On 05/05/2012 09:07 AM, Marjan Povolni wrote:
> Hello all,
>
> It might be a little early, but there has been so much going on in the last
> 10 days since the results of GSoC were published...
>
> http://blog.mpthecoder.com/post/22380853664/gsoc-weekly-status-report-no-1
>
> A short summary:
>
> It has been 10 days since the GSoC results were published, and a lot has
> happened since then. I got to know the other students and mentors in a
> longish meeting on Google hangout, I got into a discussion with my mentor
> on IRC in which we didn’t agree about the parallelization strategy for the
> parser (experiments will show who’s right) and my inbox is full with mails
> from my mentor and other students, in which we exchanged loads of
> interesting ideas.

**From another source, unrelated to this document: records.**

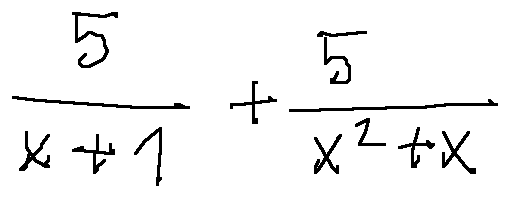<formula> <loc_0><loc_0><loc_500><loc_500>\frac { 5 } { x + 1 } + \frac { 5 } { x ^ { 2 } + x }</formula> 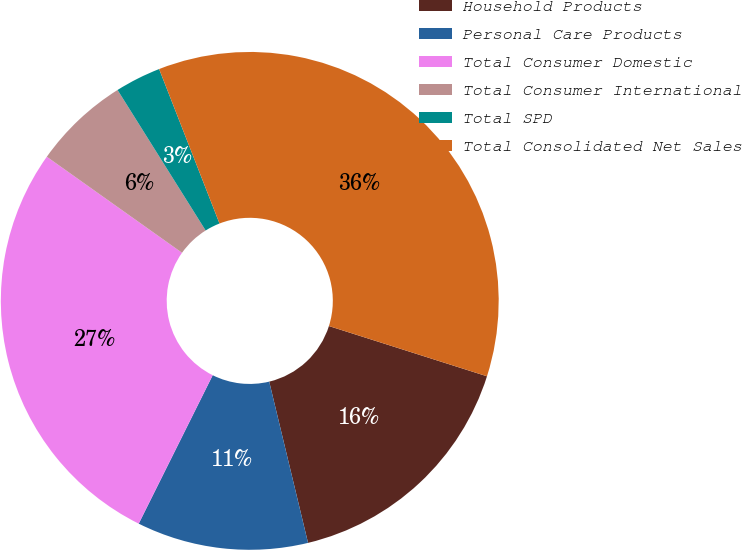Convert chart. <chart><loc_0><loc_0><loc_500><loc_500><pie_chart><fcel>Household Products<fcel>Personal Care Products<fcel>Total Consumer Domestic<fcel>Total Consumer International<fcel>Total SPD<fcel>Total Consolidated Net Sales<nl><fcel>16.34%<fcel>11.12%<fcel>27.47%<fcel>6.26%<fcel>2.98%<fcel>35.83%<nl></chart> 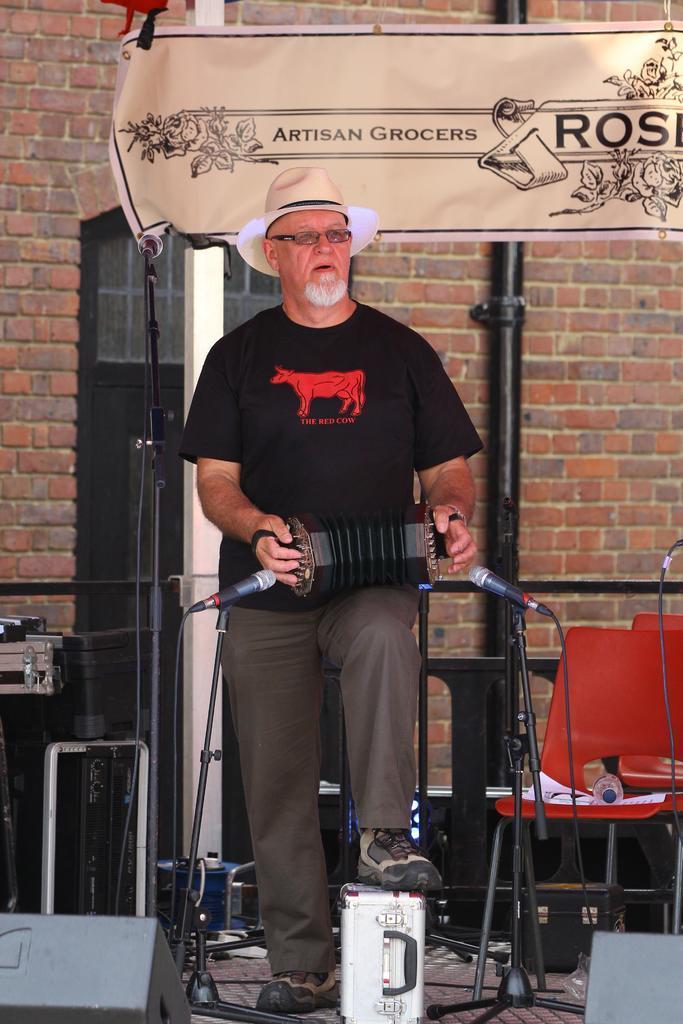In one or two sentences, can you explain what this image depicts? In this image I can see a man is standing and I can see he is holding a musical instrument. I can also see a briefcase under his leg. I can see he is wearing a black colour t shirt, pant, shoes, a specs and a hat. In the front of him I can see two mics and other stuffs. In the background I can see few chairs, a bottle, few papers, a board, the wall and on the board I can see something is written. I can also see few other stuffs in the background.

Also, I solved a bug in biogems.info website, which was
> stopping Pjotr from updating the website with new information about biogems.
>
> There is now a GitHub repository for my project:
>
> https://github.com/mamarjan/bioruby-hpc-gff3
>
> The work for the first week of coding is halfway done too.
>
> There seems to be huge interest for a GFF3 parser with more features, like
> indexing, random access and writing output, and also support for linking
> into trees of features that are not located close to each other in the
> file. A fast sequential parser could be used to generate indexes, and the
> lower-level parts can be used to reorder the file for faster future usage.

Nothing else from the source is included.